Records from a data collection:

________________

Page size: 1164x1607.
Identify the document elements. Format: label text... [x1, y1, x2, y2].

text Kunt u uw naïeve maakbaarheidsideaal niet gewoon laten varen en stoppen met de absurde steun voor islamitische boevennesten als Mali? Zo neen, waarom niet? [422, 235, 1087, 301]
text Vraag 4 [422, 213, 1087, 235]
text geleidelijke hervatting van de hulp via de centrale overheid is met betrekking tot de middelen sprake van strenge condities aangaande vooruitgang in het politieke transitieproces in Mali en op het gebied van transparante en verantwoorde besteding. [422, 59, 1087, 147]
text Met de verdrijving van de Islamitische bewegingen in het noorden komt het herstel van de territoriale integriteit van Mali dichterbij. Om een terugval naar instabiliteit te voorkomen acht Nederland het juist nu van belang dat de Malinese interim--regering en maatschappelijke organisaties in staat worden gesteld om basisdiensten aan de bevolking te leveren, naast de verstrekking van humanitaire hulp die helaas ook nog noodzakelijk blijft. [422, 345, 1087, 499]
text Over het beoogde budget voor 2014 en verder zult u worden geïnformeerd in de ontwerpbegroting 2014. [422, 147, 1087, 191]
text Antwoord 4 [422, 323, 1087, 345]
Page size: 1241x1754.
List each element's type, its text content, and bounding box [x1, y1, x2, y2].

________________

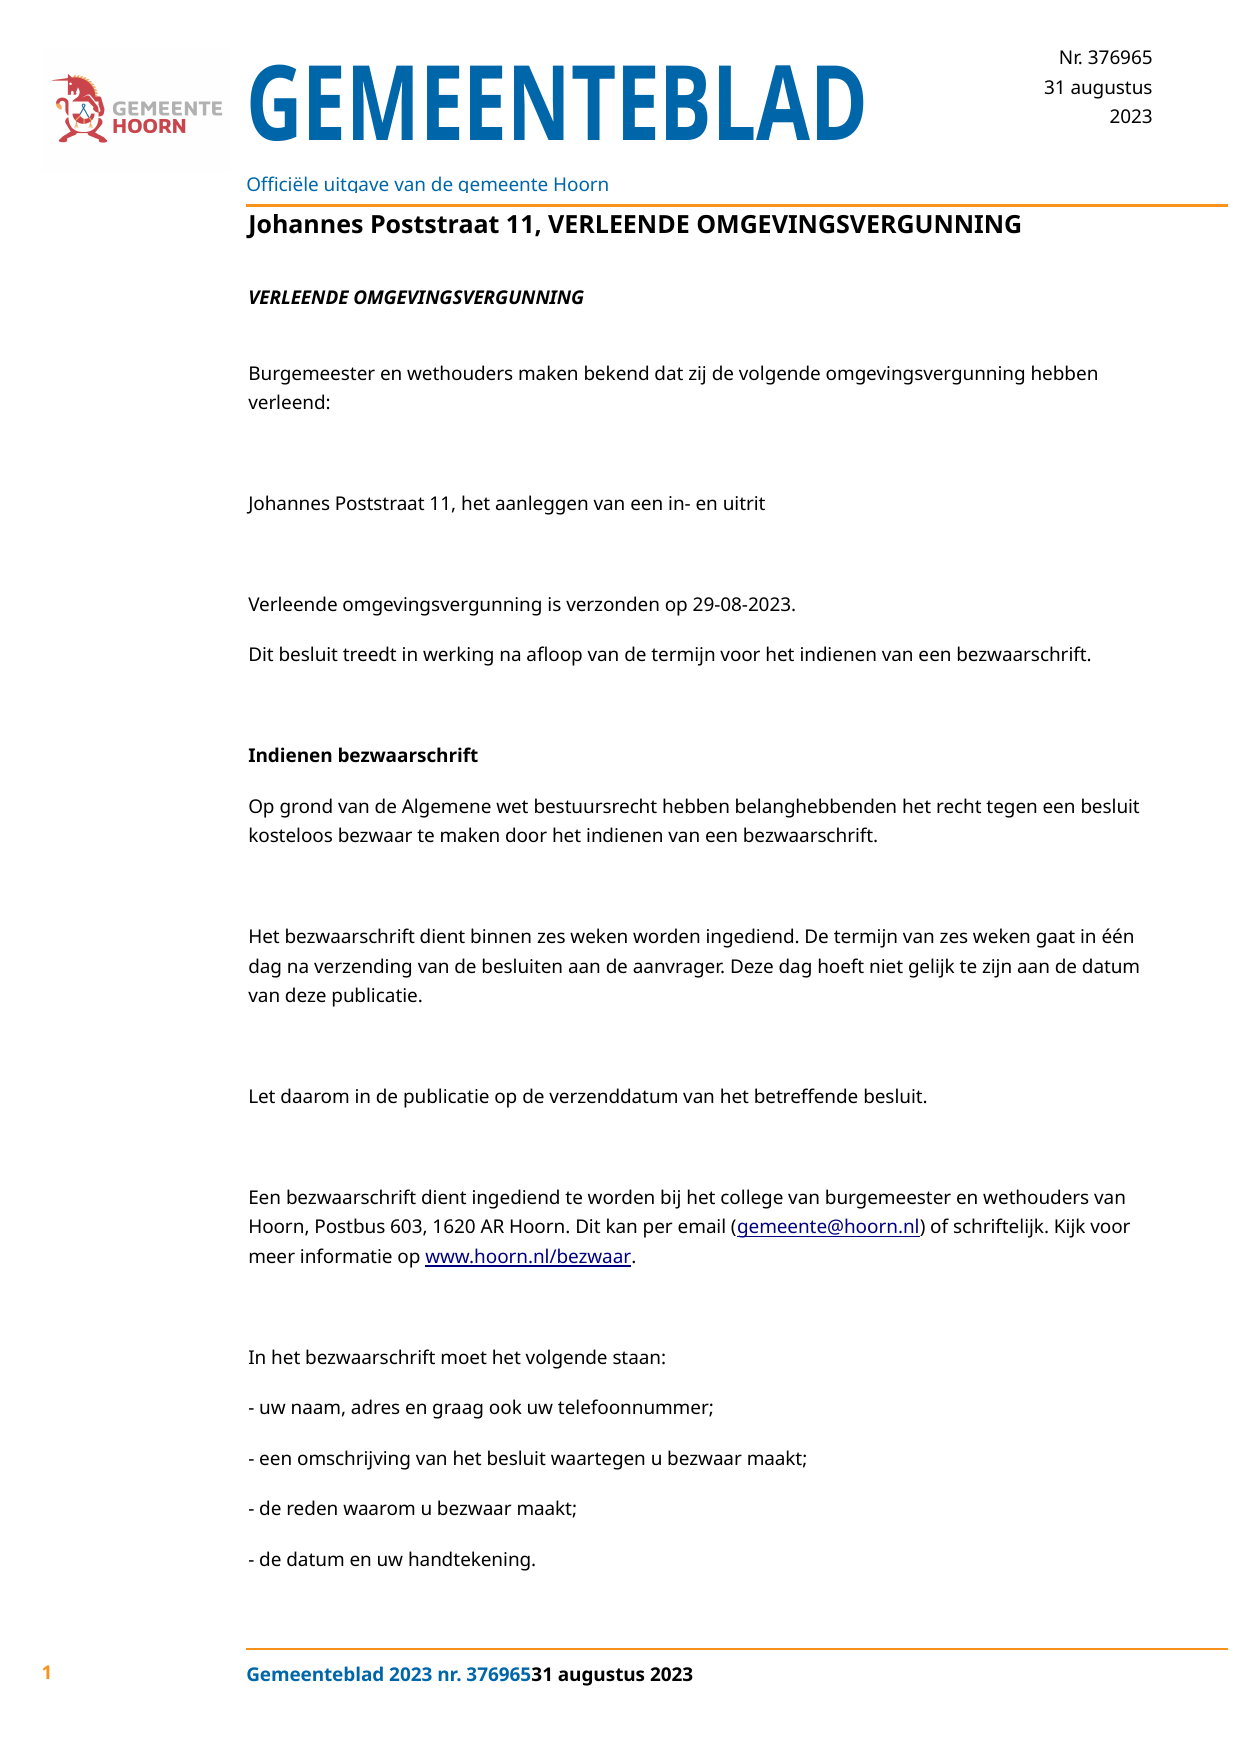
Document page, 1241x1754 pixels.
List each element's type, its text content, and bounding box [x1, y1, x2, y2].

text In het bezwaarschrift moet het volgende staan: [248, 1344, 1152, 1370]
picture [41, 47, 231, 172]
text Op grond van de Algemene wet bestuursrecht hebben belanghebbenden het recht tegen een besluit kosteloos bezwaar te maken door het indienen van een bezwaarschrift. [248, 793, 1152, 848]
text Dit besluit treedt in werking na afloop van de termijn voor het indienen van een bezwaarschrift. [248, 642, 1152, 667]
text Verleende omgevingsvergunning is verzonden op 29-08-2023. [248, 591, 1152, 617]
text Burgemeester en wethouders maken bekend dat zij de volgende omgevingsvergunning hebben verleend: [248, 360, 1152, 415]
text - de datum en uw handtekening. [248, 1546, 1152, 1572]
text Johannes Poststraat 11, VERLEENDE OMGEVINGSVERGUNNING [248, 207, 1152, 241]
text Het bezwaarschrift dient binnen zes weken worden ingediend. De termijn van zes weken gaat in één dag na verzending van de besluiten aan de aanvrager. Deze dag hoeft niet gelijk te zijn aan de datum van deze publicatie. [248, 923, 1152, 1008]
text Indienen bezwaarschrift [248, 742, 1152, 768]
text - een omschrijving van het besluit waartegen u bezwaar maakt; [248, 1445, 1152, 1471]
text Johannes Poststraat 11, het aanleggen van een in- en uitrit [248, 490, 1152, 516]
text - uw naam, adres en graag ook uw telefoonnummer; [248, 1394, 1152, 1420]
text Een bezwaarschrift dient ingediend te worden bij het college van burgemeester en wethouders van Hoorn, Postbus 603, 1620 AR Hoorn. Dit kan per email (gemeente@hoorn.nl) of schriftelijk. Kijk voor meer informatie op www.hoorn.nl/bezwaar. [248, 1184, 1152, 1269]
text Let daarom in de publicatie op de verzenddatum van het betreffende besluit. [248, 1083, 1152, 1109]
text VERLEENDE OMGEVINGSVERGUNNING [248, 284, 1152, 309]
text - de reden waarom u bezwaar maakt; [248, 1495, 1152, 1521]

________________

Show every line from the entries above in which the word "size" appears.

> Solution below
Page size: 1164x1607.
Page size: 1241x1754.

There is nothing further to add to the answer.